05 January 2012 Abstract

Instruments to regulate the consumption of oil in the transport sector include fuel taxes, biofuel requirements and fuel efficiency standards, though their impacts on oil consumption and price vary. If market power is present in the oil market, the directions of change in consumption and price may contrast those in a competitive market. As a result, the market structure impacts not only the effectiveness of the policy instruments to reduce oil

consumption, but also the terms of trade and carbon leakage. In particular, reduced oil

consumption due to increased fuel efficiency standards will unambiguously increase the price of oil under monopoly.

JEL codes: D42; Q54; R48

Keywords: Policy instruments, oil consumption, monopoly, terms-of-trade, carbon leakage

*Acknowledgments: This project is financed by the PETROSAM Program at the Research Council of Norway.

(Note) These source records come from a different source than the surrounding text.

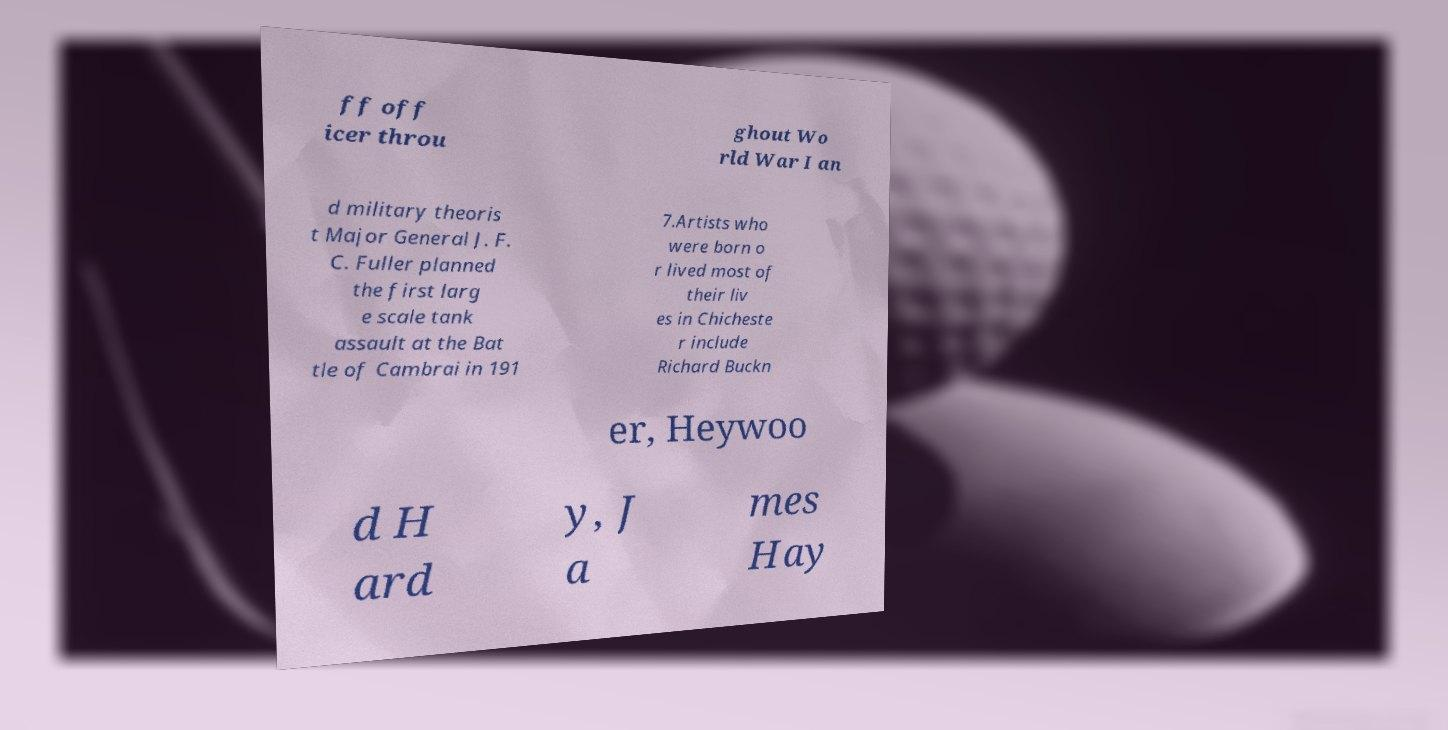Can you read and provide the text displayed in the image?This photo seems to have some interesting text. Can you extract and type it out for me? ff off icer throu ghout Wo rld War I an d military theoris t Major General J. F. C. Fuller planned the first larg e scale tank assault at the Bat tle of Cambrai in 191 7.Artists who were born o r lived most of their liv es in Chicheste r include Richard Buckn er, Heywoo d H ard y, J a mes Hay 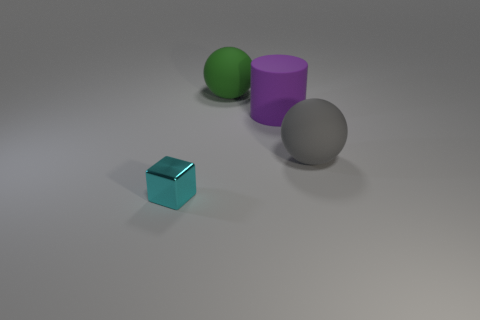Are there any other things that are the same shape as the cyan object?
Make the answer very short. No. Are there more balls in front of the rubber cylinder than matte spheres to the right of the big green object?
Your response must be concise. No. There is a matte sphere on the left side of the big rubber ball that is on the right side of the ball that is behind the large purple thing; what is its size?
Your answer should be very brief. Large. Are the big gray ball and the tiny cyan thing in front of the gray object made of the same material?
Provide a succinct answer. No. Is the small cyan object the same shape as the gray thing?
Give a very brief answer. No. How many other objects are the same material as the big green object?
Provide a succinct answer. 2. What number of other things have the same shape as the big green object?
Offer a terse response. 1. What is the color of the object that is both left of the rubber cylinder and behind the large gray sphere?
Your response must be concise. Green. What number of big green things are there?
Provide a succinct answer. 1. Is the size of the purple matte cylinder the same as the cyan object?
Provide a succinct answer. No. 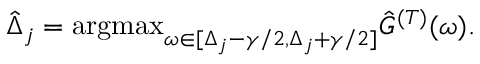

Snorre Kverndokk is grateful for the hospitality from the University of Maryland and Resources for the Future (RFF), and Knut Einar Rosendahl to the RFF, while working on this paper. We are indebted to comments from Michael Anderson, Carolyn Fischer, Cathrine Hagem, Jon Strand, HaakonVennemo, two anonymous referees and editor Matti Liski, as well as to the seminar participants at RFF, the U.S.

Environmental Protection Agency, the World Bank, the Fourth World Congress of Environmental and Resource Economists (Montreal), the IAEE European Conference in Vilnius and a PETROSAM conference. Both authors are associated with CREE – Oslo Centre for Research on Environmentally friendly Energy, which is supported by the Research Council of Norway.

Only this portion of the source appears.